Throughout the records below, find each line holding "blkJmax" and copy it.

SUPPLIED RECORDS

:::::

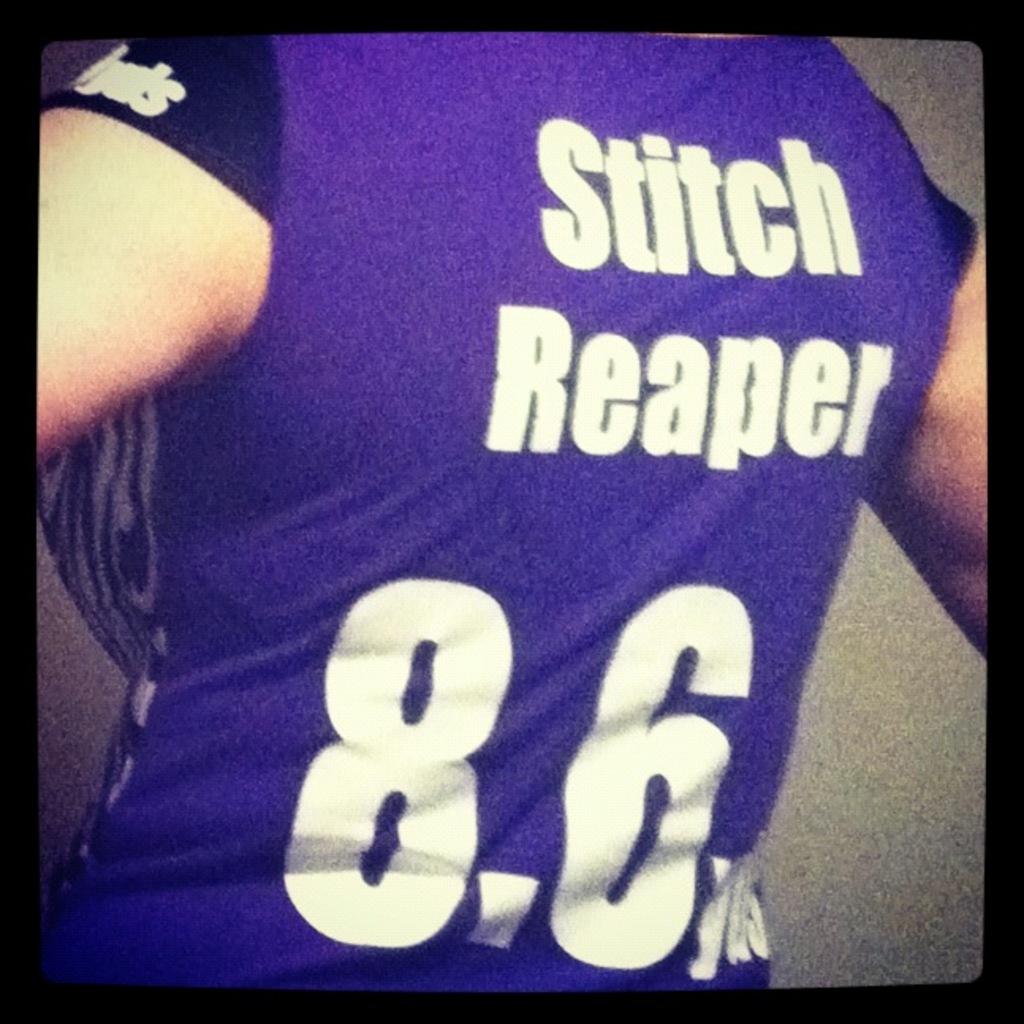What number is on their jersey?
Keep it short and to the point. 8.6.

:::::

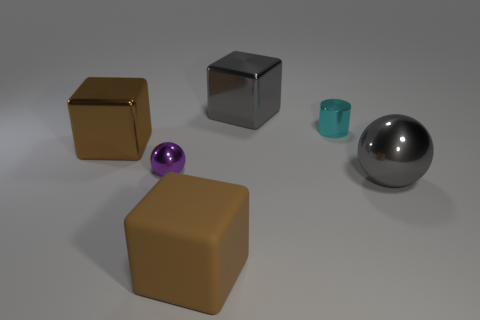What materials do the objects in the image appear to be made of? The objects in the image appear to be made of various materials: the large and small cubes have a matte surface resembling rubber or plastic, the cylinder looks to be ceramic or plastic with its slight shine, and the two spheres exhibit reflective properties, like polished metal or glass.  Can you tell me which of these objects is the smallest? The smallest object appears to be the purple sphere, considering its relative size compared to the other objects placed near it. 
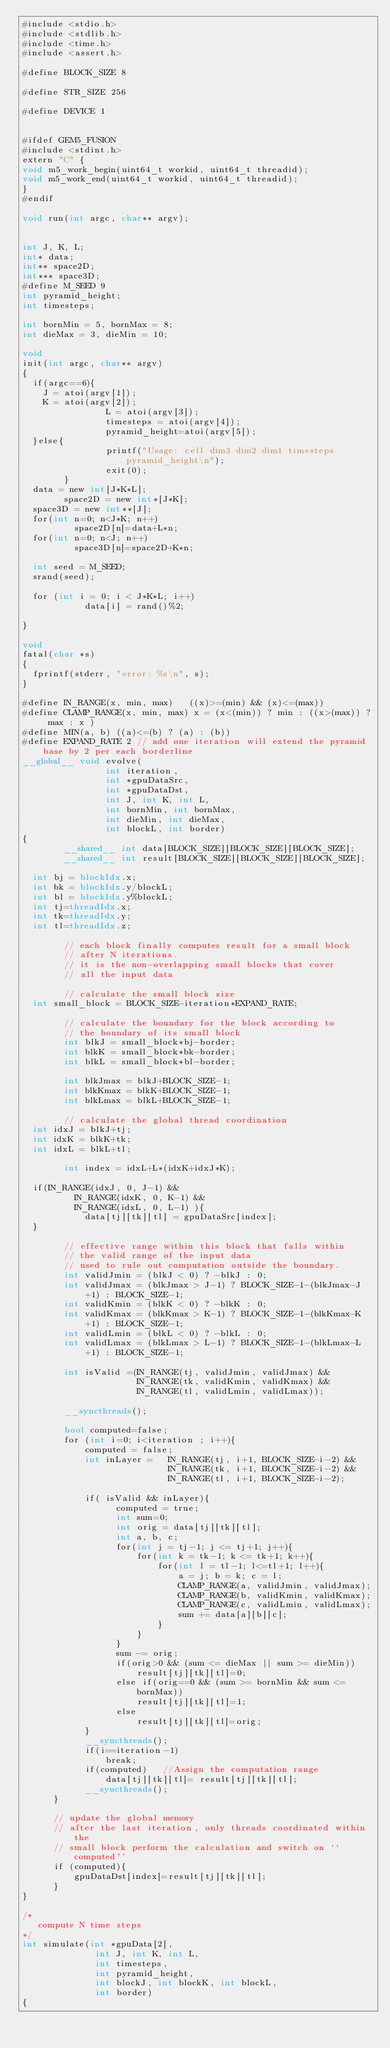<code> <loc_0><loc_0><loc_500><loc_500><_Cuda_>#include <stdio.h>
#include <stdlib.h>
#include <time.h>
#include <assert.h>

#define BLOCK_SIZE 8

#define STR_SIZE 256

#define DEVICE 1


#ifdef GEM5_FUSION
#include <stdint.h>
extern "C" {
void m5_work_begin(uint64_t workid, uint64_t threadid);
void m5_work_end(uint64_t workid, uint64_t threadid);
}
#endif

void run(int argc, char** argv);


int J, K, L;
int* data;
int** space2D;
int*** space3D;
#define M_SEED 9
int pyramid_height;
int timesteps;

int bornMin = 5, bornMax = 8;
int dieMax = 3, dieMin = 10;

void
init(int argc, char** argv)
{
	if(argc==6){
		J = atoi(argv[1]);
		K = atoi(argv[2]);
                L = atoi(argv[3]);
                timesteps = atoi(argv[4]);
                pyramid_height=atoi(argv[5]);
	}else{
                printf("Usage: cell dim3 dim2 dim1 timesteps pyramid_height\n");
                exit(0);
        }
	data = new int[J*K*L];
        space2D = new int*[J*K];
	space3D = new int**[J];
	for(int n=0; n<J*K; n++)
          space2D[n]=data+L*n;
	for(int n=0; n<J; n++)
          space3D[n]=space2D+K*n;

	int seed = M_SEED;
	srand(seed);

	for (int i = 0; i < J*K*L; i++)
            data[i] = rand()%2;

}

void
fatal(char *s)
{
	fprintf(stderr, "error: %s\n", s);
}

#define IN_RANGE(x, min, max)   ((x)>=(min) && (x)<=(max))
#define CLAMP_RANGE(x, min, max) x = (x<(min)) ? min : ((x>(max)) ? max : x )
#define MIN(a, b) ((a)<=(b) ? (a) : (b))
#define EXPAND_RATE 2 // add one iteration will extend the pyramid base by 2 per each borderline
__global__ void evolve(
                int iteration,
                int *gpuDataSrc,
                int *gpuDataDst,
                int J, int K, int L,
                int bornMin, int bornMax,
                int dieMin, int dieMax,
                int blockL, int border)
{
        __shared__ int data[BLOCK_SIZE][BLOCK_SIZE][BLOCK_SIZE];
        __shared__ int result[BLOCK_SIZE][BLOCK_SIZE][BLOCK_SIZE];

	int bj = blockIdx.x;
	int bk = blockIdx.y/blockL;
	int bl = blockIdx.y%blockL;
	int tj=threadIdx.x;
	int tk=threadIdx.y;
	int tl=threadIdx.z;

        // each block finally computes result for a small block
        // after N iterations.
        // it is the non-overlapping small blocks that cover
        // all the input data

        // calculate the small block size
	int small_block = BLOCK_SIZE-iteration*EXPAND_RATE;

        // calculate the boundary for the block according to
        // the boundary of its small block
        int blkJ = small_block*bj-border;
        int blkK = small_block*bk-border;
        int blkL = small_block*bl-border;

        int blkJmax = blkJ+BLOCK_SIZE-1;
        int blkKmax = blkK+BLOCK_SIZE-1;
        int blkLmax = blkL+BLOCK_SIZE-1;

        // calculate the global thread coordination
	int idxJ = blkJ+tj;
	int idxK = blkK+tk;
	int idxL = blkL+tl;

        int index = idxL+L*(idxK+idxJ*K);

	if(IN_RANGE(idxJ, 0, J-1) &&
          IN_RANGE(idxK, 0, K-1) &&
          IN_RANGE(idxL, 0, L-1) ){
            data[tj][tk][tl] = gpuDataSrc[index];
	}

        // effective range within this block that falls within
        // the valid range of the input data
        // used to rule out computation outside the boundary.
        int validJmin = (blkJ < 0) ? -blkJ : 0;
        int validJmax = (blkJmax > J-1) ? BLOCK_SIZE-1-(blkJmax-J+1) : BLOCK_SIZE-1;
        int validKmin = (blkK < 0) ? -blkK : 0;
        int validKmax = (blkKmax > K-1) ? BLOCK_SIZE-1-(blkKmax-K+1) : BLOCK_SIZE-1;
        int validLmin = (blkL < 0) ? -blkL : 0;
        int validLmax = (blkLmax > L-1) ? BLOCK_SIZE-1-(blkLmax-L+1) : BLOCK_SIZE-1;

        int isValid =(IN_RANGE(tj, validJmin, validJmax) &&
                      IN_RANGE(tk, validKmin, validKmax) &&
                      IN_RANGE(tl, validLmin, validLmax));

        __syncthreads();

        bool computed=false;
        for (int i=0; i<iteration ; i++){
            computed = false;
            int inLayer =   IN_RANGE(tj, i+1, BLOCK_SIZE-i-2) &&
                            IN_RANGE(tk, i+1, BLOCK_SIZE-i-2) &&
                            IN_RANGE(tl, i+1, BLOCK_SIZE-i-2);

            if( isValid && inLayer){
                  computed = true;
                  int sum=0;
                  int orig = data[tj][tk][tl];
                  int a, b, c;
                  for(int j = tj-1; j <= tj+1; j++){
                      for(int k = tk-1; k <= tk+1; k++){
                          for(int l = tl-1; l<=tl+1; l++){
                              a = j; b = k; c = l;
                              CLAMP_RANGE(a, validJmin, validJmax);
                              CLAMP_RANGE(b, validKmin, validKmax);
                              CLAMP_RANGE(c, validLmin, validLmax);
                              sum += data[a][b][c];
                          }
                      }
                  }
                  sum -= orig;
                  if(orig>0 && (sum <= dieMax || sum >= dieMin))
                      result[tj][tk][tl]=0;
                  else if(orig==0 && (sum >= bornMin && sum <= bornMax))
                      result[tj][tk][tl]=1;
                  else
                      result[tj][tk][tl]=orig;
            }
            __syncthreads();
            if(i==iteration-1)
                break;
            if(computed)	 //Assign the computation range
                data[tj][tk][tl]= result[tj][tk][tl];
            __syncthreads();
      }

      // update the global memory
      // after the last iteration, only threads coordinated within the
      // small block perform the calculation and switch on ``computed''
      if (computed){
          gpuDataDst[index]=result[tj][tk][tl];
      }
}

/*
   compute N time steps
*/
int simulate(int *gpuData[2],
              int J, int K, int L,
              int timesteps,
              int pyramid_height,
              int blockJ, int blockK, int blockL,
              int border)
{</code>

:::::

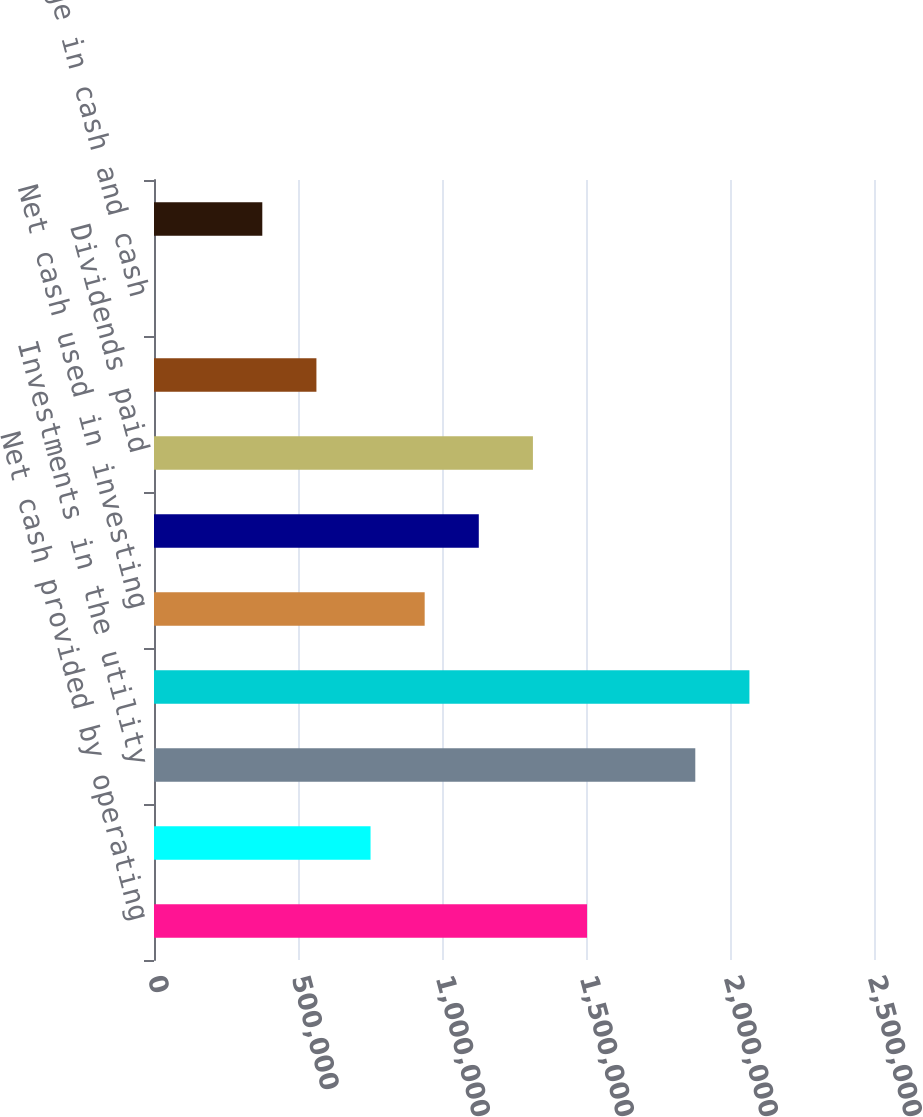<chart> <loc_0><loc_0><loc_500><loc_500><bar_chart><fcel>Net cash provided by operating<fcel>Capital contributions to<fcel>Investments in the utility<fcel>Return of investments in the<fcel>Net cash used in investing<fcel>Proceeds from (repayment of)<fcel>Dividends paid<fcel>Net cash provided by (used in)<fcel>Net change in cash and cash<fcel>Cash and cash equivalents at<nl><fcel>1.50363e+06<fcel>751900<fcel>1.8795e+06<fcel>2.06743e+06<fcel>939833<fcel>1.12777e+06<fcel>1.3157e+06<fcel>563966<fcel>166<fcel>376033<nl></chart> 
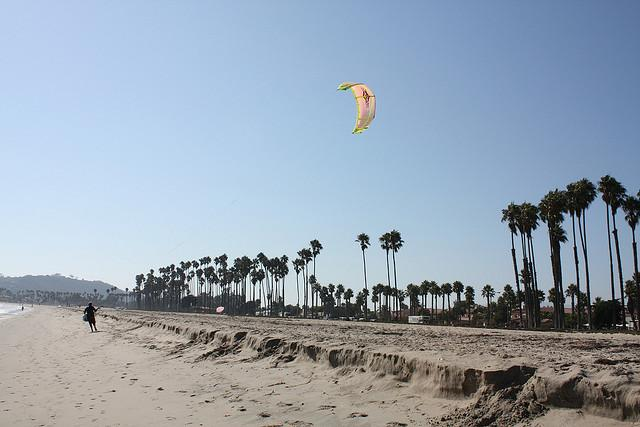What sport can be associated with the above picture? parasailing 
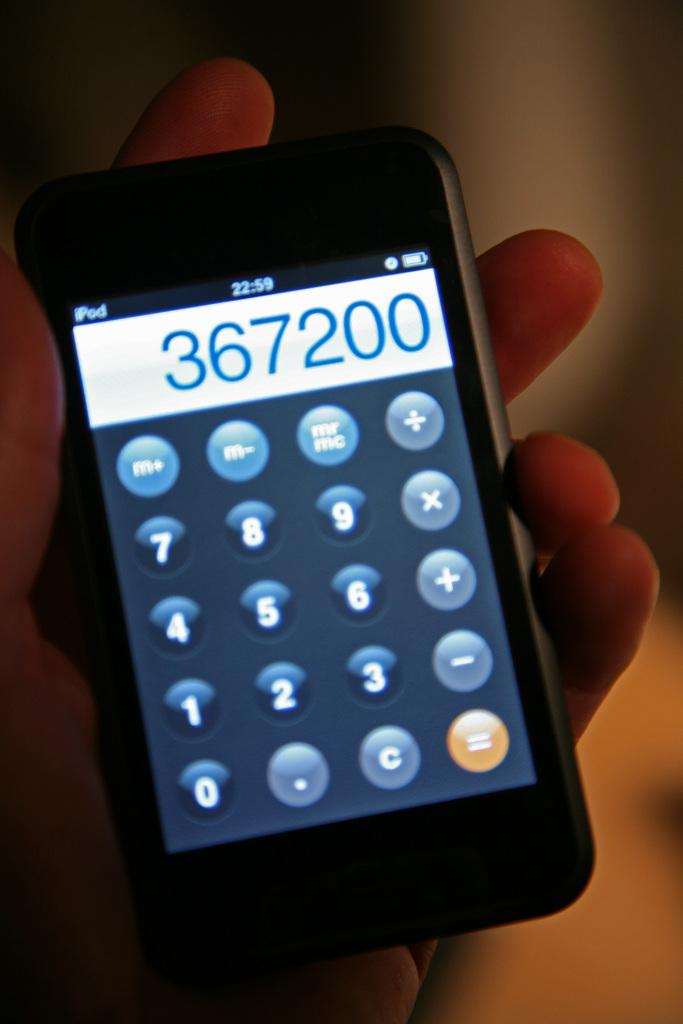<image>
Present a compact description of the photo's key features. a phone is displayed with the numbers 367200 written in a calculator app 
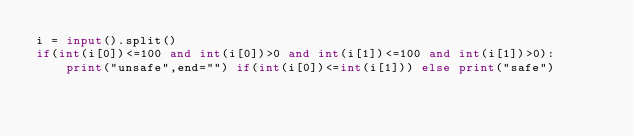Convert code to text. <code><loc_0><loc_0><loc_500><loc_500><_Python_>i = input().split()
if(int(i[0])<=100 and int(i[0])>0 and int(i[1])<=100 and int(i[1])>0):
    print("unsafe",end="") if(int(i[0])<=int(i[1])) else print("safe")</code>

:::::

EXPECTED ANSWER
        int blkJmax = blkJ+BLOCK_SIZE-1;
        int validJmax = (blkJmax > J-1) ? BLOCK_SIZE-1-(blkJmax-J+1) : BLOCK_SIZE-1;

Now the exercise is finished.